### INPUT
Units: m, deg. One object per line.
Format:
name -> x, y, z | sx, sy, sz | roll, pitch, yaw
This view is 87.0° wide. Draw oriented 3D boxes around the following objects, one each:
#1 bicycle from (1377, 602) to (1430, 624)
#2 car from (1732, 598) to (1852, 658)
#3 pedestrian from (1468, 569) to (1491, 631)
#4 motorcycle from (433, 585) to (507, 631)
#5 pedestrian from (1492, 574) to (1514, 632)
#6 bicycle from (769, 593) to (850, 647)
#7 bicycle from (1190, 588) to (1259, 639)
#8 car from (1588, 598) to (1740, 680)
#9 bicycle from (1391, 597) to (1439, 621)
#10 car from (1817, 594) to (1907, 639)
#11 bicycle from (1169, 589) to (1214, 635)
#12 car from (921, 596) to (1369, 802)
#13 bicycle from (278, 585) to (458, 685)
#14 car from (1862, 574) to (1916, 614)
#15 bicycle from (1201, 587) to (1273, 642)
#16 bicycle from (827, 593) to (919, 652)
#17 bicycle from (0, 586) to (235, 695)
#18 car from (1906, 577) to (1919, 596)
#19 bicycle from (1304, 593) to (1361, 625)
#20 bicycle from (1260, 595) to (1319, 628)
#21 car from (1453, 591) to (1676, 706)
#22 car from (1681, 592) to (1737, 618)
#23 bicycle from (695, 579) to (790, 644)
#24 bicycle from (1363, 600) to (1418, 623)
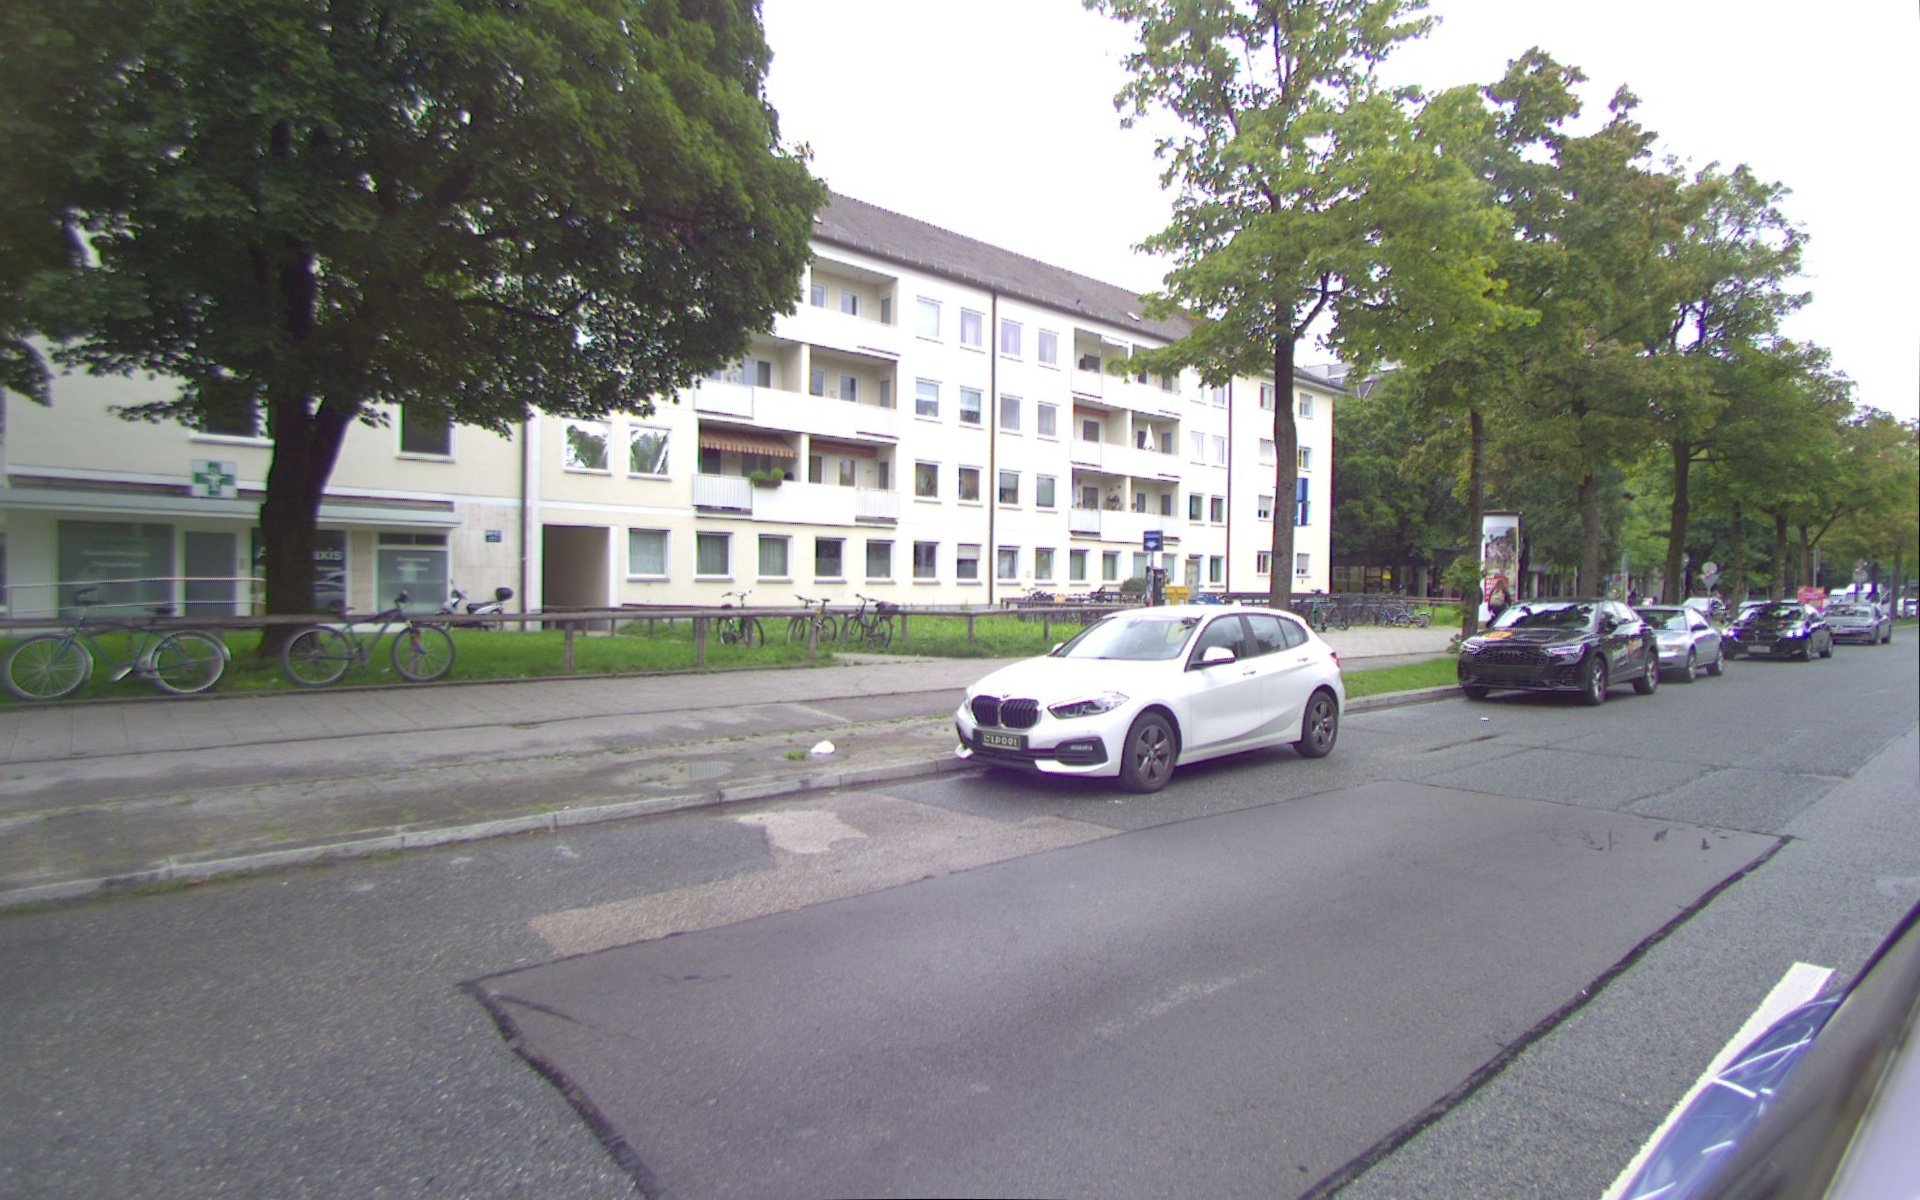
bicycle -> 15.035, 0.425, 34.316 | 0.490, 0.704, 1.595 | 0, 1, -45
car -> 21.533, 0.651, 26.137 | 4.227, 1.397, 1.824 | 0, 1, -43
pedestrian -> 15.097, -0.019, 29.418 | 0.555, 1.778, 0.651 | 1, 0, 29
motorcycle -> -12.441, 0.186, 25.735 | 1.593, 1.134, 0.606 | 0, 1, -41
pedestrian -> 15.610, 0.082, 29.092 | 0.555, 1.625, 0.515 | 1, 0, 30
bicycle -> -3.263, 0.406, 21.756 | 0.653, 1.081, 2.027 | 0, 1, -45
bicycle -> 6.398, 0.306, 24.400 | 2.039, 1.203, 0.545 | 0, 1, -41
car -> 13.594, 0.669, 19.475 | 3.860, 1.397, 1.615 | 0, 1, -43
bicycle -> 15.577, 0.312, 34.674 | 0.490, 0.722, 1.389 | 0, 3, -45
car -> 31.581, 0.533, 35.392 | 4.225, 1.487, 1.825 | 0, 1, -41
bicycle -> 5.861, 0.294, 25.556 | 1.231, 1.130, 0.466 | 0, 0, -41
car -> 1.853, 0.714, 9.301 | 4.213, 1.455, 1.824 | 0, -1, -41
bicycle -> -6.767, 0.371, 11.630 | 1.738, 1.068, 0.470 | -1, 0, -42
car -> 60.231, -0.425, 65.565 | 4.912, 2.485, 1.997 | -1, 0, -41
bicycle -> 6.352, 0.319, 23.149 | 2.039, 1.203, 0.545 | 0, 1, -41
bicycle -> -1.738, 0.411, 19.990 | 0.653, 1.081, 2.027 | 0, 1, -45
bicycle -> -8.499, 0.375, 10.272 | 1.820, 1.028, 0.448 | 0, 1, -41
car -> 125.411, -1.799, 132.408 | 4.915, 2.485, 1.996 | 0, 1, -43
bicycle -> 11.611, 0.274, 31.542 | 0.490, 0.927, 1.596 | 0, 2, -45
bicycle -> 9.742, 0.318, 29.939 | 0.490, 0.927, 1.595 | 0, 1, -45
car -> 9.423, 0.638, 15.645 | 4.086, 1.530, 1.824 | 0, 1, -42
car -> 44.781, 0.257, 60.471 | 4.225, 1.487, 1.825 | 0, 1, -41
bicycle -> -3.858, 0.180, 17.862 | 0.653, 1.081, 2.027 | 0, 1, -45
bicycle -> 14.365, 0.370, 33.787 | 0.490, 0.645, 1.596 | 0, 4, -45

### TASK STATEMENT
If an entry holds a picture, leave that picture out, and transcribe the rest of the listing above exactly.

### ANSWER BOX
Units: m, deg. One object per line.
Format:
name -> x, y, z | sx, sy, sz | roll, pitch, yaw
This view is 87.0° wide. Draw oriented 3D boxes around the following objects, one each:
#1 bicycle from (1377, 602) to (1430, 624)
#2 car from (1732, 598) to (1852, 658)
#3 pedestrian from (1468, 569) to (1491, 631)
#4 motorcycle from (433, 585) to (507, 631)
#5 pedestrian from (1492, 574) to (1514, 632)
#6 bicycle from (769, 593) to (850, 647)
#7 bicycle from (1190, 588) to (1259, 639)
#8 car from (1588, 598) to (1740, 680)
#9 bicycle from (1391, 597) to (1439, 621)
#10 car from (1817, 594) to (1907, 639)
#11 bicycle from (1169, 589) to (1214, 635)
#12 car from (921, 596) to (1369, 802)
#13 bicycle from (278, 585) to (458, 685)
#14 car from (1862, 574) to (1916, 614)
#15 bicycle from (1201, 587) to (1273, 642)
#16 bicycle from (827, 593) to (919, 652)
#17 bicycle from (0, 586) to (235, 695)
#18 car from (1906, 577) to (1919, 596)
#19 bicycle from (1304, 593) to (1361, 625)
#20 bicycle from (1260, 595) to (1319, 628)
#21 car from (1453, 591) to (1676, 706)
#22 car from (1681, 592) to (1737, 618)
#23 bicycle from (695, 579) to (790, 644)
#24 bicycle from (1363, 600) to (1418, 623)
bicycle -> 15.035, 0.425, 34.316 | 0.490, 0.704, 1.595 | 0, 1, -45
car -> 21.533, 0.651, 26.137 | 4.227, 1.397, 1.824 | 0, 1, -43
pedestrian -> 15.097, -0.019, 29.418 | 0.555, 1.778, 0.651 | 1, 0, 29
motorcycle -> -12.441, 0.186, 25.735 | 1.593, 1.134, 0.606 | 0, 1, -41
pedestrian -> 15.610, 0.082, 29.092 | 0.555, 1.625, 0.515 | 1, 0, 30
bicycle -> -3.263, 0.406, 21.756 | 0.653, 1.081, 2.027 | 0, 1, -45
bicycle -> 6.398, 0.306, 24.400 | 2.039, 1.203, 0.545 | 0, 1, -41
car -> 13.594, 0.669, 19.475 | 3.860, 1.397, 1.615 | 0, 1, -43
bicycle -> 15.577, 0.312, 34.674 | 0.490, 0.722, 1.389 | 0, 3, -45
car -> 31.581, 0.533, 35.392 | 4.225, 1.487, 1.825 | 0, 1, -41
bicycle -> 5.861, 0.294, 25.556 | 1.231, 1.130, 0.466 | 0, 0, -41
car -> 1.853, 0.714, 9.301 | 4.213, 1.455, 1.824 | 0, -1, -41
bicycle -> -6.767, 0.371, 11.630 | 1.738, 1.068, 0.470 | -1, 0, -42
car -> 60.231, -0.425, 65.565 | 4.912, 2.485, 1.997 | -1, 0, -41
bicycle -> 6.352, 0.319, 23.149 | 2.039, 1.203, 0.545 | 0, 1, -41
bicycle -> -1.738, 0.411, 19.990 | 0.653, 1.081, 2.027 | 0, 1, -45
bicycle -> -8.499, 0.375, 10.272 | 1.820, 1.028, 0.448 | 0, 1, -41
car -> 125.411, -1.799, 132.408 | 4.915, 2.485, 1.996 | 0, 1, -43
bicycle -> 11.611, 0.274, 31.542 | 0.490, 0.927, 1.596 | 0, 2, -45
bicycle -> 9.742, 0.318, 29.939 | 0.490, 0.927, 1.595 | 0, 1, -45
car -> 9.423, 0.638, 15.645 | 4.086, 1.530, 1.824 | 0, 1, -42
car -> 44.781, 0.257, 60.471 | 4.225, 1.487, 1.825 | 0, 1, -41
bicycle -> -3.858, 0.180, 17.862 | 0.653, 1.081, 2.027 | 0, 1, -45
bicycle -> 14.365, 0.370, 33.787 | 0.490, 0.645, 1.596 | 0, 4, -45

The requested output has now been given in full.